HOW TO COMPLETE THIS TASK:
Please keep to the lines below from the one with "date: 1565-1630" through the one with "description: Deze prent", and restate them word for word, ends included.

(Stored data entries)
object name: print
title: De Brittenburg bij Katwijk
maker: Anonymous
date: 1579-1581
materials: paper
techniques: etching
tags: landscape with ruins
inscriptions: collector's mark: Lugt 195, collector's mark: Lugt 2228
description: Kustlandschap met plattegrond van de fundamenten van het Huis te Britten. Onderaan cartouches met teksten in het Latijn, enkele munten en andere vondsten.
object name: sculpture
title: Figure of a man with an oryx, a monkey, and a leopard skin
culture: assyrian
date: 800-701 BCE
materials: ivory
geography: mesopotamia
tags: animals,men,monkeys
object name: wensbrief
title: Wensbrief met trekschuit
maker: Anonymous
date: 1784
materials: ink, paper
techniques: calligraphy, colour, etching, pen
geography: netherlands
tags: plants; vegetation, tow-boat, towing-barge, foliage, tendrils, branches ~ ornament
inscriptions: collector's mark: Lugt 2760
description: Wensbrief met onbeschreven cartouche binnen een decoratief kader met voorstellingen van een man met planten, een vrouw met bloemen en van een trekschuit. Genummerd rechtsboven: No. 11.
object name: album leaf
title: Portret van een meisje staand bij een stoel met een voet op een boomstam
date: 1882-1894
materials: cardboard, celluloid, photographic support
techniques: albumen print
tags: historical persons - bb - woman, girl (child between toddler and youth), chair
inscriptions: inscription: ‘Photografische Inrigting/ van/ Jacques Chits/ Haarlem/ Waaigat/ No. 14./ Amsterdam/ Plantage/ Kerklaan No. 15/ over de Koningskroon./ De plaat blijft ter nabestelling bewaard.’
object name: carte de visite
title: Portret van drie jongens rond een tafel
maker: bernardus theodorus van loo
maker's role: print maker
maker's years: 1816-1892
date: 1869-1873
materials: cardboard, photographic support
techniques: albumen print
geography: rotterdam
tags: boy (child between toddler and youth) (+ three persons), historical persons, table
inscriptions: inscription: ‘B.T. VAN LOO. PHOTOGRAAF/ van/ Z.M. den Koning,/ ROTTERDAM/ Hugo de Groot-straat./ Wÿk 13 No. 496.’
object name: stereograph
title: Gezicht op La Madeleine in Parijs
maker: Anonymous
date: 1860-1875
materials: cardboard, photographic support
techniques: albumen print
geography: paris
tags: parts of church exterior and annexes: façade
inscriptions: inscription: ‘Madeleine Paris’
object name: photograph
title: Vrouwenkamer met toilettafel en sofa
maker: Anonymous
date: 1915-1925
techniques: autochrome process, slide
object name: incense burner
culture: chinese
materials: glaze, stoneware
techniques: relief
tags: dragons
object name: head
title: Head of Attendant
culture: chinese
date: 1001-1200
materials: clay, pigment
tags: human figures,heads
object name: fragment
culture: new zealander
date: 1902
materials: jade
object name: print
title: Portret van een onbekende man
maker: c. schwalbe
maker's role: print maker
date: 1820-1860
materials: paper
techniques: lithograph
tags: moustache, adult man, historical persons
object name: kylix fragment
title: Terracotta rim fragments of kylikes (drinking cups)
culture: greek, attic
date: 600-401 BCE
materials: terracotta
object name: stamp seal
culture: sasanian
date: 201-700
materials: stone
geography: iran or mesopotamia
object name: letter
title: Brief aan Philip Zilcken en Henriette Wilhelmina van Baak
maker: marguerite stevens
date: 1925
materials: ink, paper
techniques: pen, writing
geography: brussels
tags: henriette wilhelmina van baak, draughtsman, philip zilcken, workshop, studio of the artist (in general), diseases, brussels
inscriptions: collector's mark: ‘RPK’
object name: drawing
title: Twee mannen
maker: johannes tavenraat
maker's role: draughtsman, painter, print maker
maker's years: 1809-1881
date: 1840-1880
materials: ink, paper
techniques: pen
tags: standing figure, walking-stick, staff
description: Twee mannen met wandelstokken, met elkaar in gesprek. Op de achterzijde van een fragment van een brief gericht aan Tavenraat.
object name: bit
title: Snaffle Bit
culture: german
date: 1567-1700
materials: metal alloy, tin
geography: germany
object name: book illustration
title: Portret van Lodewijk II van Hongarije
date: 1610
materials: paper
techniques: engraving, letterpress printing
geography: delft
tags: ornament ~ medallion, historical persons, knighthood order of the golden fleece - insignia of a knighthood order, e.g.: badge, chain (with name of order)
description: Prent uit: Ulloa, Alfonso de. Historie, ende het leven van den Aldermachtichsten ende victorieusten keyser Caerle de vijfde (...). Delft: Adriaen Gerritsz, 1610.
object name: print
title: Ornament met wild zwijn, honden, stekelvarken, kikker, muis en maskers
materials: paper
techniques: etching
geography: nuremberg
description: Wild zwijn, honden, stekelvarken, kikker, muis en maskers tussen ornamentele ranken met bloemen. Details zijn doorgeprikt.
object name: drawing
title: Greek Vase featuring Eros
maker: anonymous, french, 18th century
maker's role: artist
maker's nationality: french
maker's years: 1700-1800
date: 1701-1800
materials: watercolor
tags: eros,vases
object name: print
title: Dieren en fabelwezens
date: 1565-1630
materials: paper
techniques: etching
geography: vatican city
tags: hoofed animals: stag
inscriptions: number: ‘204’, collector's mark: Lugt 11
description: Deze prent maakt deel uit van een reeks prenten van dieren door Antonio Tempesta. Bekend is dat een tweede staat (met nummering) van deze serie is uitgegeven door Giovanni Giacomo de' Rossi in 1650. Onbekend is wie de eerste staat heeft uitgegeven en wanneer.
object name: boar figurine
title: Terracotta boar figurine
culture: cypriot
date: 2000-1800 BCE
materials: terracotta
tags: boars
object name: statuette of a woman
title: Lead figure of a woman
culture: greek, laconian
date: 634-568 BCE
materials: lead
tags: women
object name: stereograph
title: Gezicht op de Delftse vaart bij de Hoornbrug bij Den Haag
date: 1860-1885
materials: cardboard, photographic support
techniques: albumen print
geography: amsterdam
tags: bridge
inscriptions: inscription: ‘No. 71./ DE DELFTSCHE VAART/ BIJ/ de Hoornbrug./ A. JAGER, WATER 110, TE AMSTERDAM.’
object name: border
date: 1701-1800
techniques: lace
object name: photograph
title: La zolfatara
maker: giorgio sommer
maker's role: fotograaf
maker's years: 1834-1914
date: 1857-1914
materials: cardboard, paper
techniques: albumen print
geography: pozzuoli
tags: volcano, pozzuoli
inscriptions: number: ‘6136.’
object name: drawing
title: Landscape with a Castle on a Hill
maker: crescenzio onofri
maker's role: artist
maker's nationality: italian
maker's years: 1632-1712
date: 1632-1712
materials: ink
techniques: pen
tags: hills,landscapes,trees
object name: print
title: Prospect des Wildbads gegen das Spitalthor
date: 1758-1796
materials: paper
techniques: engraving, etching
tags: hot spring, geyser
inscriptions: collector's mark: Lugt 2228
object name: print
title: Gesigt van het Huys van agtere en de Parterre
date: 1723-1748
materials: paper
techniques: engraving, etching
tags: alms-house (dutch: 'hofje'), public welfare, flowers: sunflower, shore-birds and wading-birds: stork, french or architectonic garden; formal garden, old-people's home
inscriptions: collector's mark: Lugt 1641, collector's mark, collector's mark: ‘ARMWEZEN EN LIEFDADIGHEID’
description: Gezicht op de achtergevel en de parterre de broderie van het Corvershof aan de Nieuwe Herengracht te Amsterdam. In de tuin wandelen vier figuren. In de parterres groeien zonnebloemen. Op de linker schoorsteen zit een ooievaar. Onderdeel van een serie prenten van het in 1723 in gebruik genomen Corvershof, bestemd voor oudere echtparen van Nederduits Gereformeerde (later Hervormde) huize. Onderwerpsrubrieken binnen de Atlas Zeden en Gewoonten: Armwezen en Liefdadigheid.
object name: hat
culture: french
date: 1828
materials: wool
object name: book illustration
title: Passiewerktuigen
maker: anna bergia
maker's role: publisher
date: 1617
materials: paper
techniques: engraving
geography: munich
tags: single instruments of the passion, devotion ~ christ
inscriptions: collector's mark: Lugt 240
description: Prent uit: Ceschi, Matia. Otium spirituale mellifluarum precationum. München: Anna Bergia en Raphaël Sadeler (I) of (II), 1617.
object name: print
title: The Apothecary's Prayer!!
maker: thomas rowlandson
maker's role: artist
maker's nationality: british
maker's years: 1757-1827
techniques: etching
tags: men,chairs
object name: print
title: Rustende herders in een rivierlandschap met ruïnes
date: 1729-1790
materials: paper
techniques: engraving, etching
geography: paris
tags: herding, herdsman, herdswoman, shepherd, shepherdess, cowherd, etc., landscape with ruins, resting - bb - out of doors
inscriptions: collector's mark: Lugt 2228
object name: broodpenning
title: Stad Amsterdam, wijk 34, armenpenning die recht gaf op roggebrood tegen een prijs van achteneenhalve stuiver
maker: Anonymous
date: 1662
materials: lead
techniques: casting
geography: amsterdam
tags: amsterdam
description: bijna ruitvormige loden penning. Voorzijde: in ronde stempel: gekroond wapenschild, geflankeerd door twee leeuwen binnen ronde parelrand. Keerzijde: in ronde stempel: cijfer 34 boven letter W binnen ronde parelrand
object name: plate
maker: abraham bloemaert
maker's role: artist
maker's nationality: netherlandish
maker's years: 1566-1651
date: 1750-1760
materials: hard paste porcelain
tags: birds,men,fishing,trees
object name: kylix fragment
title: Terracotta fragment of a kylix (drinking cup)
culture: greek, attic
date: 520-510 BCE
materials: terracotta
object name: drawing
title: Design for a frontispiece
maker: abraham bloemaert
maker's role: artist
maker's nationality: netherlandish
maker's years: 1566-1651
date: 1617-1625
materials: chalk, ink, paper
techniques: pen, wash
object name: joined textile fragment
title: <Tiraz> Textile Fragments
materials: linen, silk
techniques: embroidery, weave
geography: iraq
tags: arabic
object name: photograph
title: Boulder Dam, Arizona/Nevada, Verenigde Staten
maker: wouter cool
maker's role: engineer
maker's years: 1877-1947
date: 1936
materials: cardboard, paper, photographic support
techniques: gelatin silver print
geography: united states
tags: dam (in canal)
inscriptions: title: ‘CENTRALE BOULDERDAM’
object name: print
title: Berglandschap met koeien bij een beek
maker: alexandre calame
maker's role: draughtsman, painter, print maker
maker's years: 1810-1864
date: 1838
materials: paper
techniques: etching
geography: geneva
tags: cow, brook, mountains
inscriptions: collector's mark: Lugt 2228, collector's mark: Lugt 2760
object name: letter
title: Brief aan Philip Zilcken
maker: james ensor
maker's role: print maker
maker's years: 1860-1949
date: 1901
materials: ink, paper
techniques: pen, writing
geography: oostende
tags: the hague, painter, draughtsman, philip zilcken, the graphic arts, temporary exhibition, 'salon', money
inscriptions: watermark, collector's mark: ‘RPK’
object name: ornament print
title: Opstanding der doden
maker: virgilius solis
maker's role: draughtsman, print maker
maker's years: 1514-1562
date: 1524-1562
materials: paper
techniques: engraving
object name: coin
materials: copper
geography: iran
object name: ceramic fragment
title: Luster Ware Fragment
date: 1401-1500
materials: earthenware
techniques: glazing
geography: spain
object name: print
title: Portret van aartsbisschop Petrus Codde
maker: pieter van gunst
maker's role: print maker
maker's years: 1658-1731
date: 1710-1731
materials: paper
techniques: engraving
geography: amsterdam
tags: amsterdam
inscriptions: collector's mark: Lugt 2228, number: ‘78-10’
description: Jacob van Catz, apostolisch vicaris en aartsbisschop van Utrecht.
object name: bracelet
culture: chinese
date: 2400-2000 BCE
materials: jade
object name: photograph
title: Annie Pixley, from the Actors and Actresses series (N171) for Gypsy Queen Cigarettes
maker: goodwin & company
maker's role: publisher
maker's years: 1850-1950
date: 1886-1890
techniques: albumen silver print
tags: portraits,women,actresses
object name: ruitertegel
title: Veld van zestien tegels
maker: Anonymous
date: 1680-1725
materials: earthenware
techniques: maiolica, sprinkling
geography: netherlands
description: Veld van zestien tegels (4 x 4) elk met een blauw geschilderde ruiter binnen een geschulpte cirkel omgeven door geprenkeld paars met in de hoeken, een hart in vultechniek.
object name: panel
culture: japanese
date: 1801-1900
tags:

RESULT FOR THIS TASK:
date: 1565-1630
materials: paper
techniques: etching
geography: vatican city
tags: hoofed animals: stag
inscriptions: number: ‘204’, collector's mark: Lugt 11
description: Deze prent maakt deel uit van een reeks prenten van dieren door Antonio Tempesta. Bekend is dat een tweede staat (met nummering) van deze serie is uitgegeven door Giovanni Giacomo de' Rossi in 1650. Onbekend is wie de eerste staat heeft uitgegeven en wanneer.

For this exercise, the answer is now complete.